In the country's second-largest city, St. Petersburg, there were reports that independent election monitors had been harassed. One affiliated with anti-corruption crusader Aleksei Navalny said she had had a green liquid splashed on her after being accosted by men outside her home who warned her not to interfere with the vote count.

The city's acting governor, Aleksandr Beglov, was seeking to win his first full term in office, after being appointed to his post last year by President Putin. Beglov's tenure so far has been plagued by gaffes and questions of competence in running the liberal-minded city.

On the eve of the vote, Moscow police detained Vladimir Yegorov, an activist with the election-monitoring organization Golos. Yegorov was detained and charged with hooliganism, according to a September 8 Facebook post by Grigory Melkonyants, one of the organization’s founders.

One of Russia's most-prominent election-monitoring organizations, Golos has been repeatedly pressured by authorities in the past. In 2013, it was labeled a "foreign agent" under a law aimed at restricting nongovernmental organizations ability to receive foreign funding.

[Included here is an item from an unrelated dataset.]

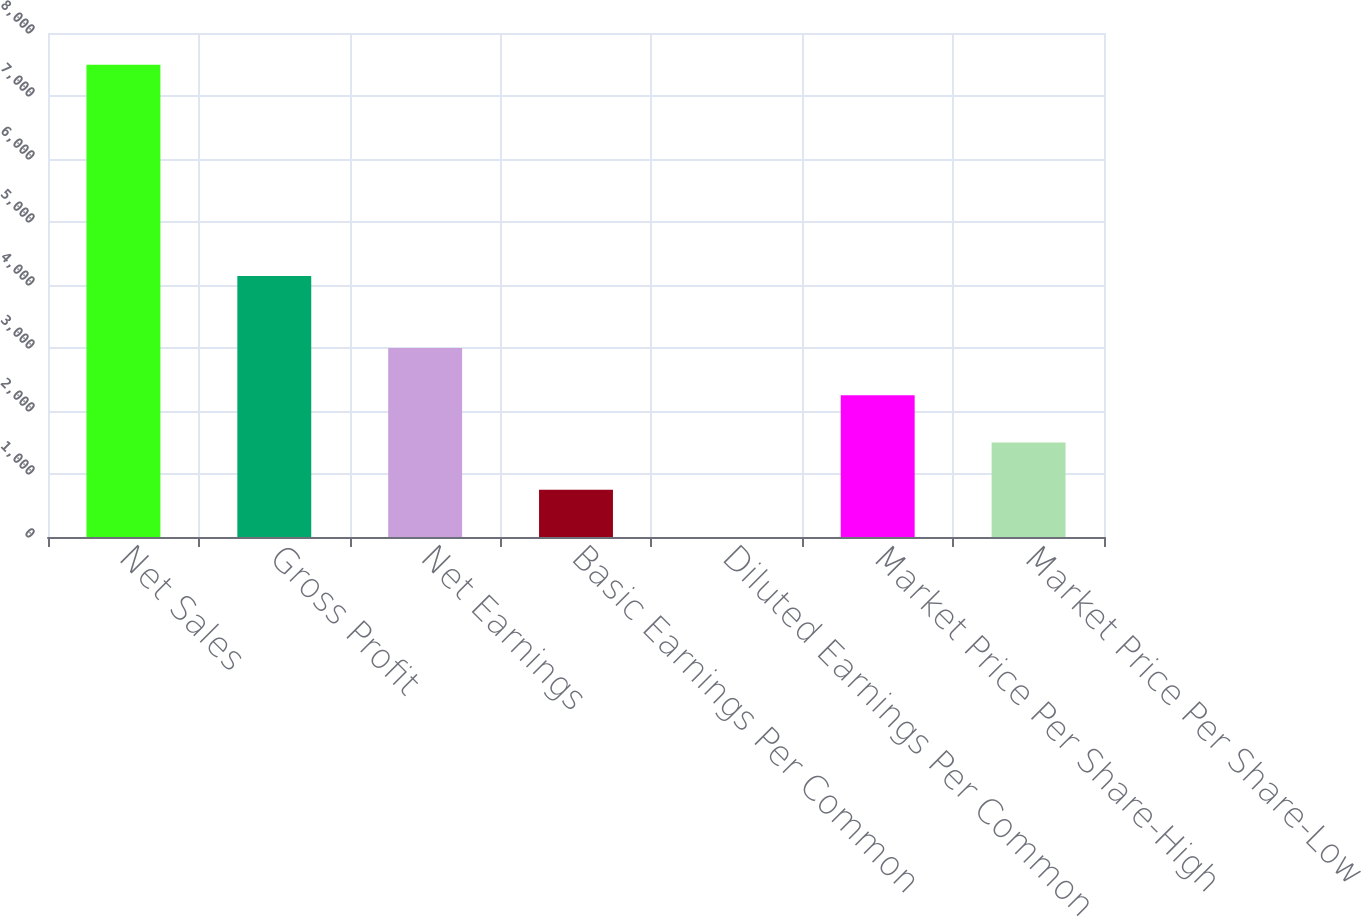<chart> <loc_0><loc_0><loc_500><loc_500><bar_chart><fcel>Net Sales<fcel>Gross Profit<fcel>Net Earnings<fcel>Basic Earnings Per Common<fcel>Diluted Earnings Per Common<fcel>Market Price Per Share-High<fcel>Market Price Per Share-Low<nl><fcel>7497.7<fcel>4144.8<fcel>2999.49<fcel>750.39<fcel>0.69<fcel>2249.79<fcel>1500.09<nl></chart>

Ukraine's Foreign Ministry condemned the effort to hold elections in Crimea, which was illegally annexed by Russia in March 2014.

"The outcome of this illegal voting is null and void. It won't have any legal aftermath and won't be recognized by Ukraine and the international community," the ministry said in a statement.

Ahead of the vote, Putin replaced several regional governors in a bid to avoid a repeat of last year's gubernatorial elections, when several Kremlin-backed candidates lost.

In Moscow, many members of the ruling United Russia party opted to run as independents in an apparent bid to mask their affiliation with the ruling party.

Much of the public has turned against United Russia after it passed a law raising retirement ages and raised the VAT rate. The party, which dominates parliament, also backed a program to tax long-distance trucking, and cracked down on local protests in many cities against numerous controversial proposals for coping with municipal household waste.

Another sign of United Russia's troubles: none of the officially registered candidates for the Moscow City Duma were running under United Russia's banner, reportedly the first time that had happened in the Russian capital.

Things aren’t much better for Putin himself. Public trust in the Russian leader in May fell to its lowest level in 13 years, according to a Russian state pollster.

The decision to bar many liberals from running sparked a wave of protests in the Russian capital, with some 50,000 turning out at the August 10 opposition event.

That was among the largest demonstrations in Moscow since the massive 2011-12 protests against Putin's return to the Kremlin for a third term as president.

During the July 27 demonstration, some 1,300 people were arrested, prompting the United States, European Union, and human rights groups to denounce what they called the "disproportionate" and "indiscriminate" use of force against the demonstrators.